You have got to be kidding me?

Someone showed me a link this week to a program called Piccure designed to remove camera shake and motion blur from photographs. If this was an iPhone app, aimed at cleaning up those shaky images shot in nightclubs it’d be brilliant. Phone cameras just can’t deal with low light situations. But it’s not. This is a plug in for Photoshop Elements and Lightroom. It’s marketed at people with enough interest in photography to have bought an image editing package.

I quote from the website:

“Correct camera shake in a matter of seconds – save time, money and frustration.”

Seriously?
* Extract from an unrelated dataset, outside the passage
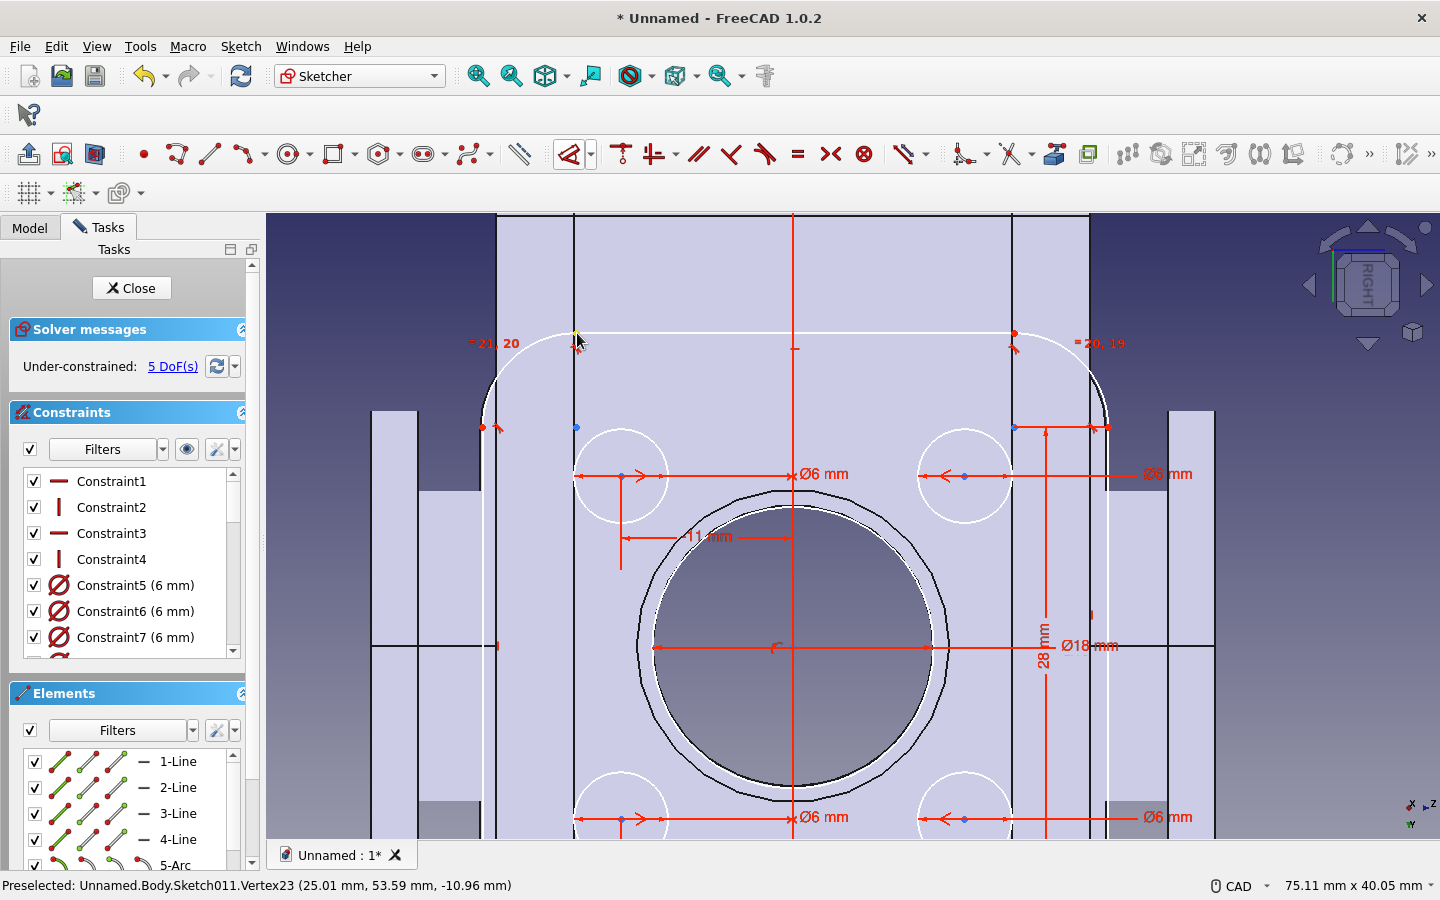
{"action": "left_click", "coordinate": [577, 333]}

I think this is just encouraging people to not learn the basics, to just spend more money on a plugin that will attempt to fix it after the fact in Photoshop. If you really want to “save time, money and frustration” just get to know your camera and learn the exposure triangle.

Dig a little deeper on the site and you get to this:

“For example, if you shoot a subject that is far away with a tele lens and you select a long exposure (e.g. 1/50), your image may be blurry because your camera has moved a little during the 1/50 seconds.”

It’s blurry because hand holding a long lens steady at 1/50th isn’t possible, even if you’re Joe McNally, but you do not need to buy Photoshop plugins. You can fix this easily by opening your aperture and/or upping your ISO.

This is clever technology but you really don’t need to spend £80 on it. Instead invest a little time in learning. There are plenty of free resources online, in fact you can even find a few tips on getting sharper shots right here.

So please, save your money and educate yourself instead with a few ebooks from Craft & Vision instead.